— Supplied material —
....

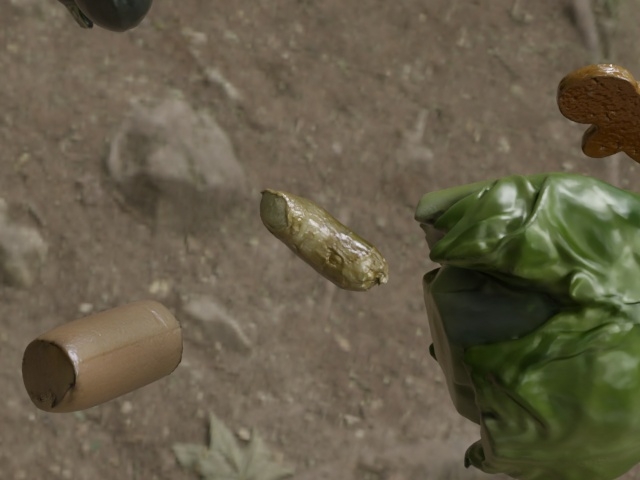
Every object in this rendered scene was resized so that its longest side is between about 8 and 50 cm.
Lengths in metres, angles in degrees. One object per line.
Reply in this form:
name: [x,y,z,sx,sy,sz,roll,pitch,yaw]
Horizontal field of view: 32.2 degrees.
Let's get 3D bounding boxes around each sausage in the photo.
sausage: [-0.304,0.161,1.534,0.123,0.123,0.253,27,17,21]

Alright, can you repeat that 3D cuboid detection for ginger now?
ginger: [0.001,-0.001,1.368,0.190,0.095,0.069,37,78,-3]

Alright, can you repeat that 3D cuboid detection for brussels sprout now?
brussels sprout: [0.333,0.104,1.508,0.361,0.425,0.342,-14,11,-2]

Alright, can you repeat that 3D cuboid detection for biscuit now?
biscuit: [0.381,-0.146,1.300,0.250,0.165,0.036,20,52,-25]

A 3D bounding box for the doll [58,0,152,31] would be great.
doll: [-0.383,-0.524,1.711,0.252,0.382,0.379,-46,39,-18]

....

— Aim of the exercise —
Each line, from the beginning of the listing to the line bearing "Horizontal field of view: 32.2 degrees." inclusive, should be copied exactly; the pictures stay out.

— Exercise solution —
Every object in this rendered scene was resized so that its longest side is between about 8 and 50 cm.
Lengths in metres, angles in degrees. One object per line.
Reply in this form:
name: [x,y,z,sx,sy,sz,roll,pitch,yaw]
Horizontal field of view: 32.2 degrees.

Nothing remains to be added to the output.